The other unfortunate aspect is that holding businesses to these truths would complicate their businesses.  It is very hard to find qualified staff to train members at optimal levels of skill and intensity and it will continue this way as long as the standard fitness center pays minimum wage for trainers.  Qualified coaches generally get paid more than fitness centers are willing to spend.   All hope is not lost!   This paradigm is slowly breaking down and we can thank CrossFit!  As CrossFit grows and it becomes harder to ignore the results of honest work done at high intensities, the “fitness media” is taking notice.  You see more stories featuring the benefits of weight training versus aerobics-only programs.
It honestly isn’t rocket science, as most things in life work in a way that you get out of an effort what you put into it.  This is something that we all know, however, we still crack and are willing to believe people who tell us otherwise.   We hear 20-min a day and you could look like this, or all you have to do is walk on the treadmill.  Unfortunately it isn’t true and we know that because we are smart people.
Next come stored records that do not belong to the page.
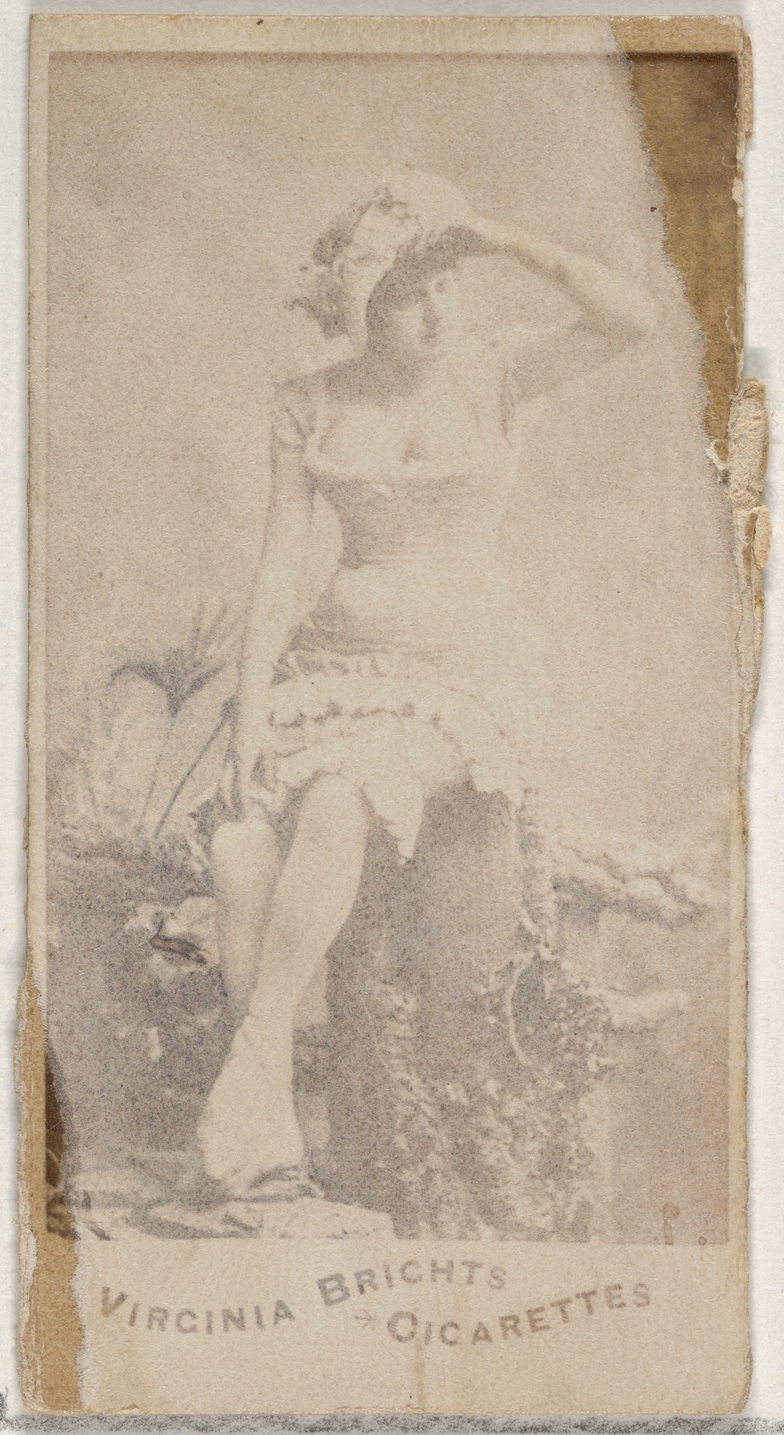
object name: photograph
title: From the Actors and Actresses series (N45, Type 5) for Virginia Brights Cigarettes
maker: allen & ginter
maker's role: publisher
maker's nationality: american
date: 1888
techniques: albumen silver print
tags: portraits,women,actresses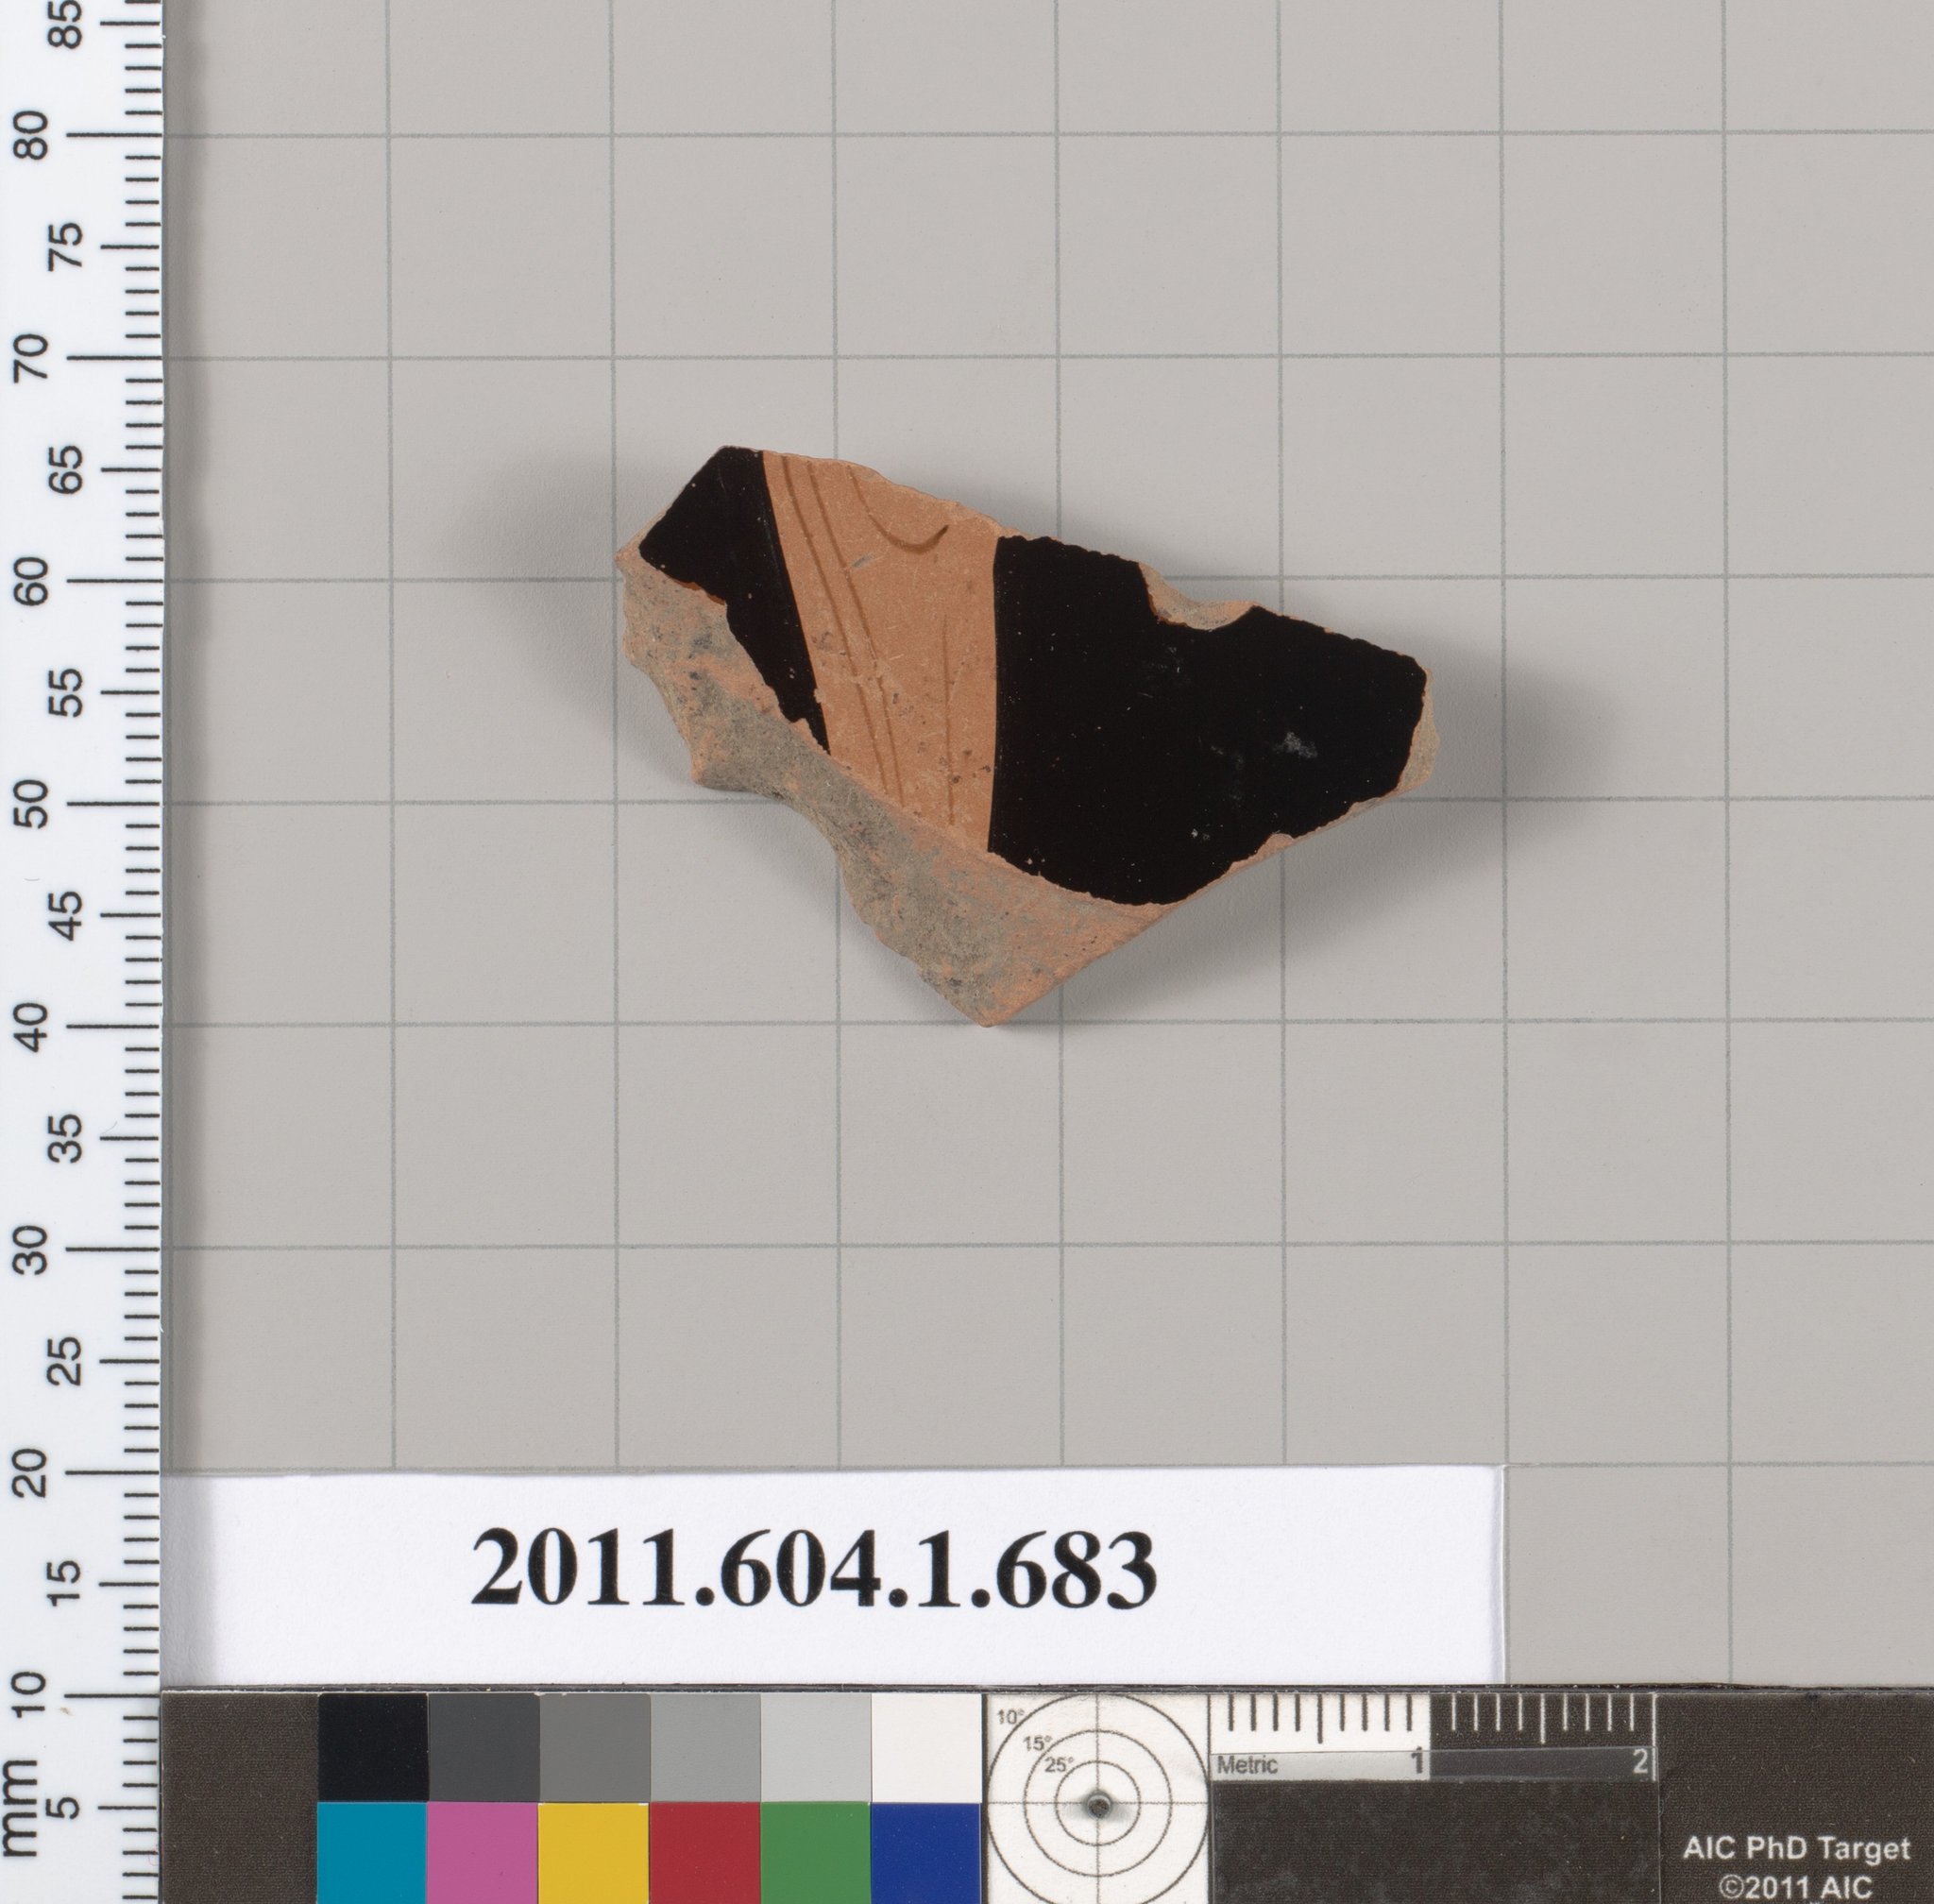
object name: kylix fragment
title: Terracotta fragment of a kylix (drinking cup)
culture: greek, attic
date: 475-451 BCE
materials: terracotta

To summarize my experience as a CrossFit Coach and Affiliate owner for 1 1/2 years, on top of 10+ years in the fitness industry, is that not one of the 180+ women we have trained has gotten bigger and stayed bigger.  I have seen a couple women get bigger as the body begins its transformation.  However, bigger is temporary. Usually lean mass increases first.  Shortly thereafter, a layer of fat melts off the top of the newly acquired lean mass.   As soon as that happens, the women are thrilled.   For the clients that incorporate a zone/paleo approach to nutrition, the results come quickly and without fail.   For those that do not make dietary changes, the process takes longer.  And don’t forget that strength will have longer lasting benefits than the immediate tight buns or smaller waist.  It will help you open jars, carry your own groceries, move your own furniture, stay mobile and osteoporosis free so you can enjoy a long active life!   So get started and pick up some heavy weights to start making the changes that you want to see.